Severin Films, known for restoring and distributing sleazy, erotic, or just plain weird horror films from the 70’s and 80’s like DEVIL HUNTER, BLOODY MOON, and SANTA SANGRE, partnered with French production company Metaluna Productions to create THE THEATRE BIZARRE. The anthology formed with the ideals of Le Théâtre du Grand-Guignol, known for its anthology-like format (five or six plays in one show) and often gory portrayals of horror stories. It’s a fascinating subject to many horror fans, and this film certainly carries that intriguing style with it. The framing story shows a young woman who enters an abandoned theater when she finds the door open one night. Inside is a worn down puppet that proceeds to present the contained stories to the sole guest.

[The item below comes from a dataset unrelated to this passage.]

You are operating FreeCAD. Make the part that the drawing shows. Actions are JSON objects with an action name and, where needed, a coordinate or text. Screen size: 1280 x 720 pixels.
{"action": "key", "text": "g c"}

There are six short stories within THE THEATRE BIZARRE, the best of which are “Wet Dreams”, “Sweets”, and “Mother of Toads”. “Wet Dreams” shows an unfaithful husband that loses track of the distinction between horrifying nightmares and reality. “Sweets” is a stomach-churning story of a couple caught up in a sub-culture of sugar fetishists (not your standard chocolate lovers or sweet-tooth sweethearts) that has the ability to put the viewer off sugar for a long time. And “Mother of Toads” is based loosely on a story by Clark Ashton Smith, who was a peer of H.P. Lovecraft and carried a very similar tone in his horror stories. The story that doesn’t quite fit, and as a result is easily forgettable, is “The Accident”, where a young girl comes witnesses death and attempts to understand it.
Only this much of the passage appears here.